Our lab is interested in how cells successfully divide into two daughter cells. This process ensures accurate segregation of the genome and cellular contents and is essential human development and disease. One outstanding question in the field is how the cell cortex is remodeled to support large-scale shape change during cytokinesis, the final stage of the cell cycle. It has recently been shown that the cell cortex is dynamically patterned prior to the onset of cytokinesis, and we are interested in defining the mechanisms of dynamic pattern formation at the cell cortex. This cortical patterning is self-organized and is driven by coupled positive and negative feedback signaling. We use synthetic approaches, including cell-free reconstitution of an artificial cell cortex, to study individual factors that support pattern formation like protein regulators, membrane composition and fluidity, and cell cycle state. The artificial cortex is an ideal system to answer such questions as it allows for direct manipulation of factors that are predicted to regulate cortical dynamics. Ongoing projects in the lab include the following:
1. Define the mechanism of cortical pattern initiation
Using the artificial cortex, we can observe the formation of excitable patterns from discrete foci. Additionally, we observe that supported lipid bilayer composition and fluidity impacts the type of pattern formation. We will manipulate upstream regulators of cortical patterning and investigate lipid composition to determine which factors predict the initiation of dynamic patterning.

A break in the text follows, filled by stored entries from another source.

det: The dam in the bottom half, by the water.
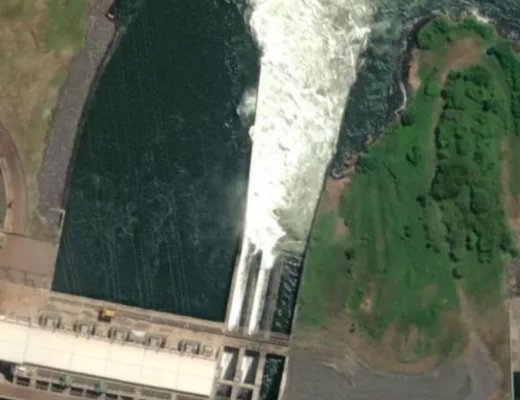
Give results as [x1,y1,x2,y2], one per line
[0,253,292,400]
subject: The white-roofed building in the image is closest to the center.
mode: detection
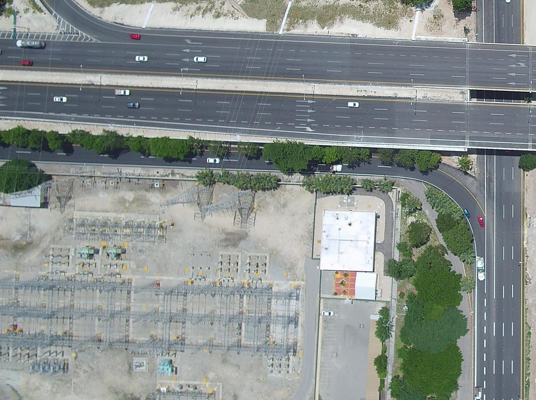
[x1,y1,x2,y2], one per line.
[320,207,381,271]
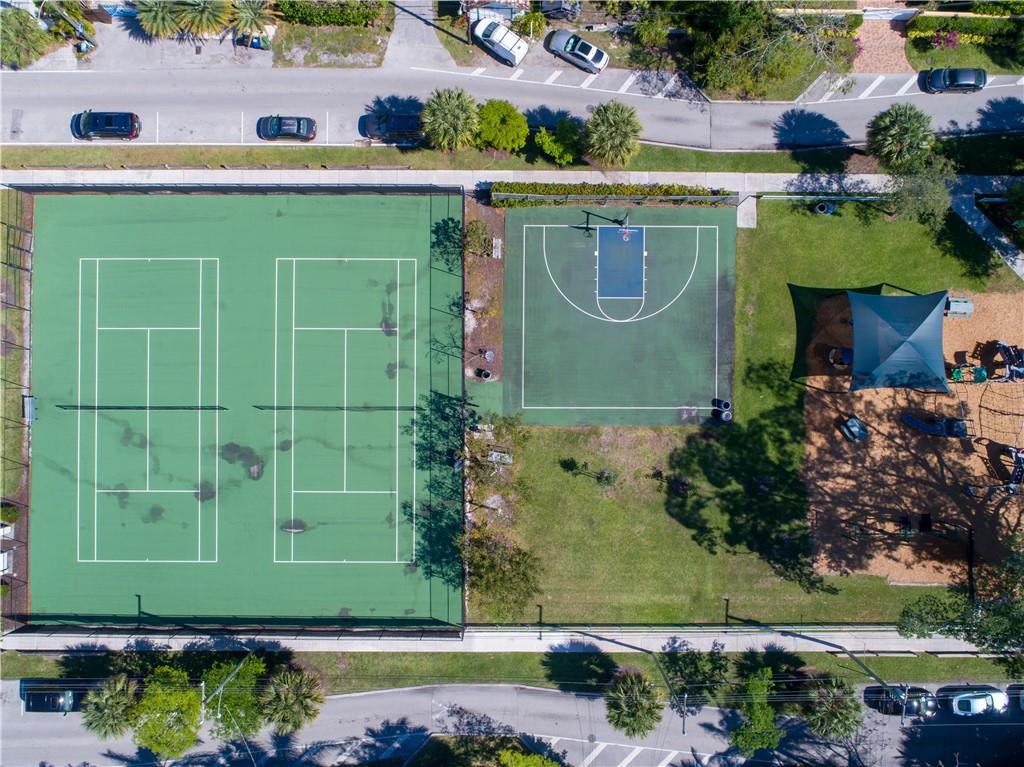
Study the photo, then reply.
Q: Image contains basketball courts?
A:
Yes
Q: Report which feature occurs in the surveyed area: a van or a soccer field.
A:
van
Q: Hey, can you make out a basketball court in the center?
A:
Yes
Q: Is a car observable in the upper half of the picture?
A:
Yes
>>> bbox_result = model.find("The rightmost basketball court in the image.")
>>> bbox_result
[503,206,737,426]
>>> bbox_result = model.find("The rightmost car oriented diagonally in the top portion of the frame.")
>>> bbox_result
[549,29,609,76]
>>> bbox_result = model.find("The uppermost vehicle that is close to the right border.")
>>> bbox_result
[922,65,987,96]
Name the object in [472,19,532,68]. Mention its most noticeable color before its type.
white car
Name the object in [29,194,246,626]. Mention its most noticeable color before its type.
green tennis court

2. Investigate the organization of the cortical cytoskeleton
Multiple GTPases regulate the dynamics of the cytoskeleton at the cell cortex. We will test the role of additional GTPases in regulating patterning of actin filament assembly in the artificial cortex. Additionally, we will investigate the ultrastructural organization of cortical actin filaments to understand how patterning organizes F-actin to support cell division.

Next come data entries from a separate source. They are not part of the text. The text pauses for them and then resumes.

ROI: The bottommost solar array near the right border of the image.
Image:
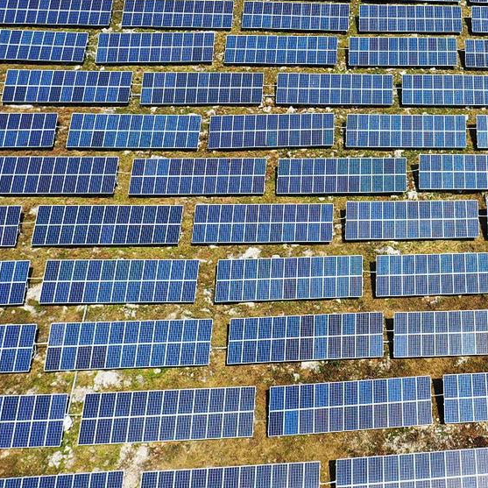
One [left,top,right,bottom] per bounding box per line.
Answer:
[336,449,488,488]
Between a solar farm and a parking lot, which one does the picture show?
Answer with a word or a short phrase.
solar farm
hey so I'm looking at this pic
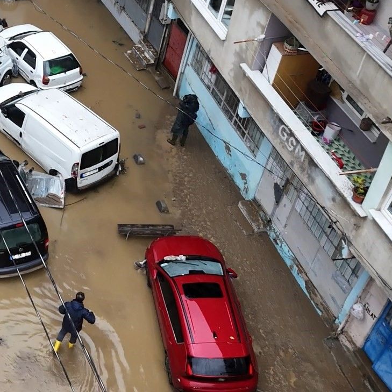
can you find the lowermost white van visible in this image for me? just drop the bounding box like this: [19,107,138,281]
[0,86,119,189]
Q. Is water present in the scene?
Yes
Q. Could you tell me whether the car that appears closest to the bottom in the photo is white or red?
red
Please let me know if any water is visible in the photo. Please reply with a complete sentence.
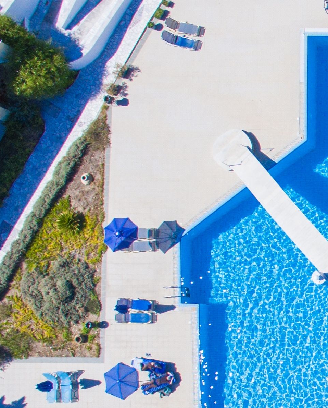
Yes, the picture does contain water.
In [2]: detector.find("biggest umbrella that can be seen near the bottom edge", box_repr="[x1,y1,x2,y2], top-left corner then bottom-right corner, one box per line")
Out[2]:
[105,361,144,399]
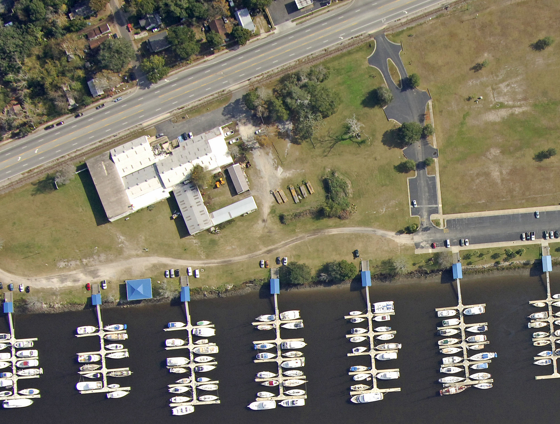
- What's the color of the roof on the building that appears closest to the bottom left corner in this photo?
blue
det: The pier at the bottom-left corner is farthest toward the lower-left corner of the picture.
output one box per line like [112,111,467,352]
[0,312,41,400]
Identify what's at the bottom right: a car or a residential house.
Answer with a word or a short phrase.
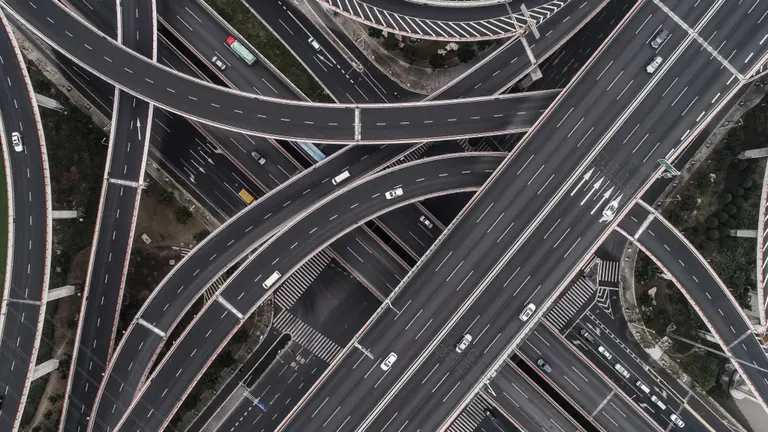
car
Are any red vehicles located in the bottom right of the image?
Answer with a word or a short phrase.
No
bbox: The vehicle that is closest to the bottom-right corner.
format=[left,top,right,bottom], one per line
[670,413,687,429]
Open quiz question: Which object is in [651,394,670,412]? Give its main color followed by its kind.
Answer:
white vehicle
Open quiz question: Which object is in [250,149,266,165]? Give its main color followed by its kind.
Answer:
gray car
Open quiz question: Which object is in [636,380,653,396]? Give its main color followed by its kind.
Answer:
white vehicle
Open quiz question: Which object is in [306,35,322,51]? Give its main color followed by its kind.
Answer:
white car
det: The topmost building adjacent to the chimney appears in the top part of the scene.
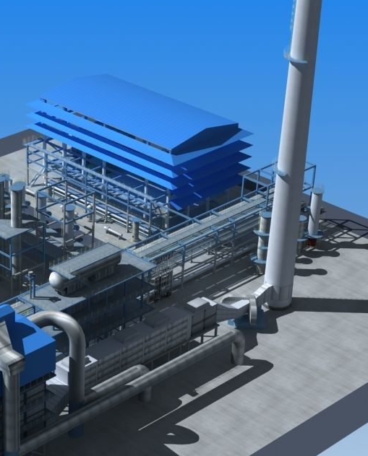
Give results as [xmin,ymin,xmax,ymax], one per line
[26,73,252,230]
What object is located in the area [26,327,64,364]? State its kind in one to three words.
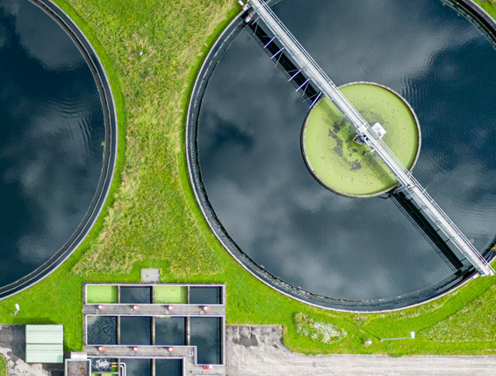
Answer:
shed
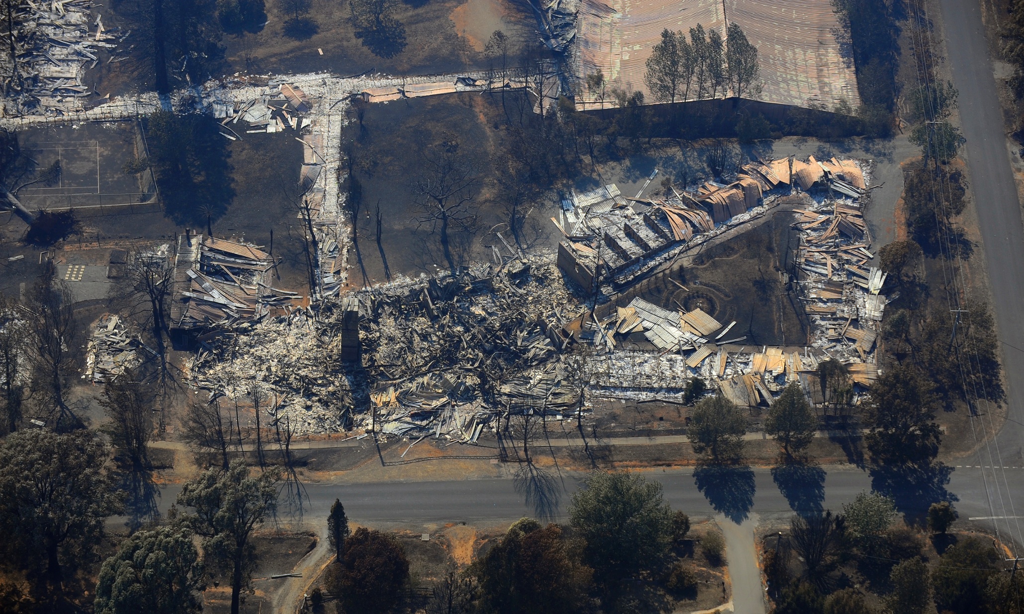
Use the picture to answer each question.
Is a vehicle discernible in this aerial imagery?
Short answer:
No
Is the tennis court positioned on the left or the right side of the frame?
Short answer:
left
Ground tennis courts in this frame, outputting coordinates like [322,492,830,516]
[0,130,144,204]
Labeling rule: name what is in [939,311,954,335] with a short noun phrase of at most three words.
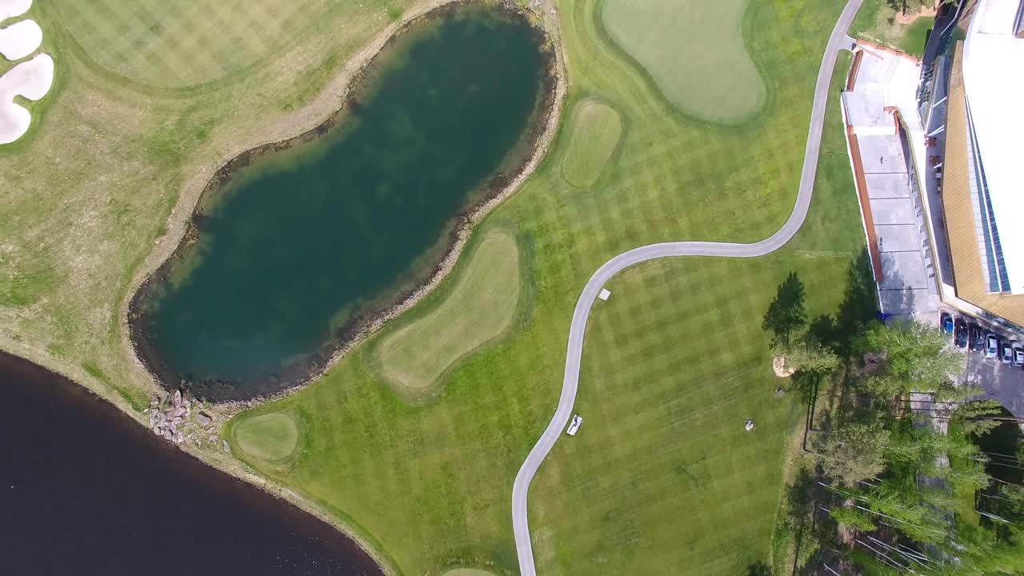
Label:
car
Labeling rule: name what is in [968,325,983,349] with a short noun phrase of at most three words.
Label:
car
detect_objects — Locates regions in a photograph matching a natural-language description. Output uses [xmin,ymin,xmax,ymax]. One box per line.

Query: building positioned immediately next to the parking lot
[839,0,1024,349]
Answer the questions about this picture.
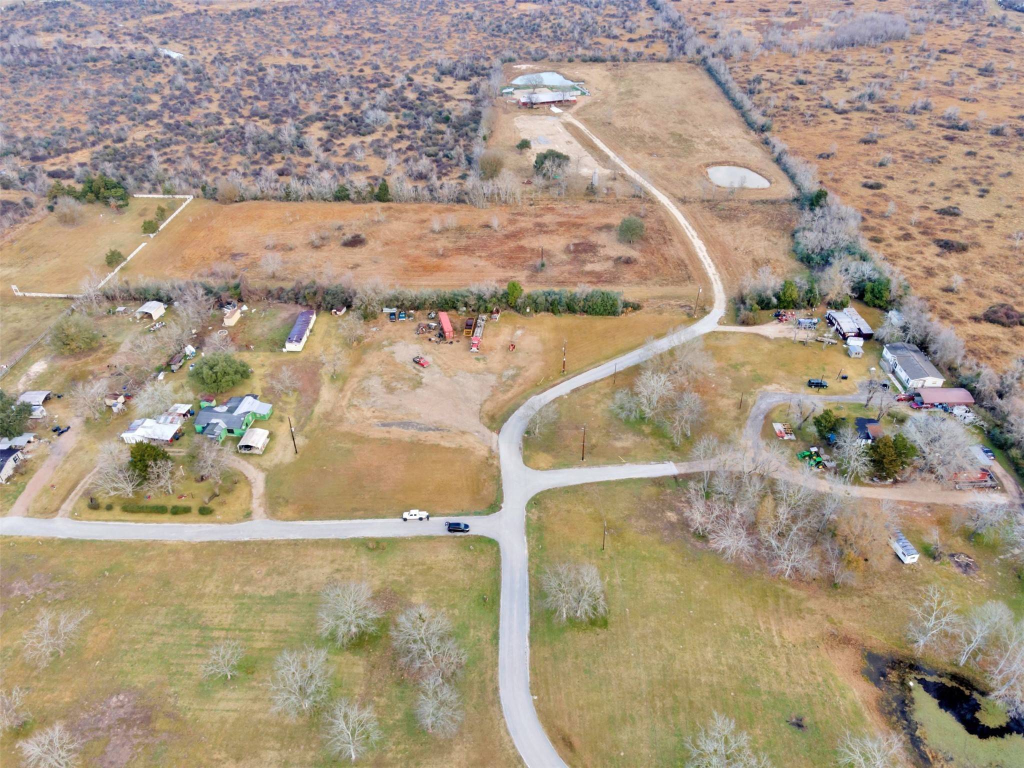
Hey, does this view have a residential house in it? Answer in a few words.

3. Define the relationship between cortical patterning and cell division
Investigating dynamic cortical patterning in live dividing cells is challenging, as cytokinetic furrow formation causes the cell cortex to change orientation and position and division progresses. The artificial cortex can be used to generate a two-dimensional model of the cytokinetic furrow which enables more straightforward live imaging and analysis. Using this approach we will test the relationship between cell cycle state and self-organized pattern formation along and characterize cortical patterns in reconstituted cytokinetic zones.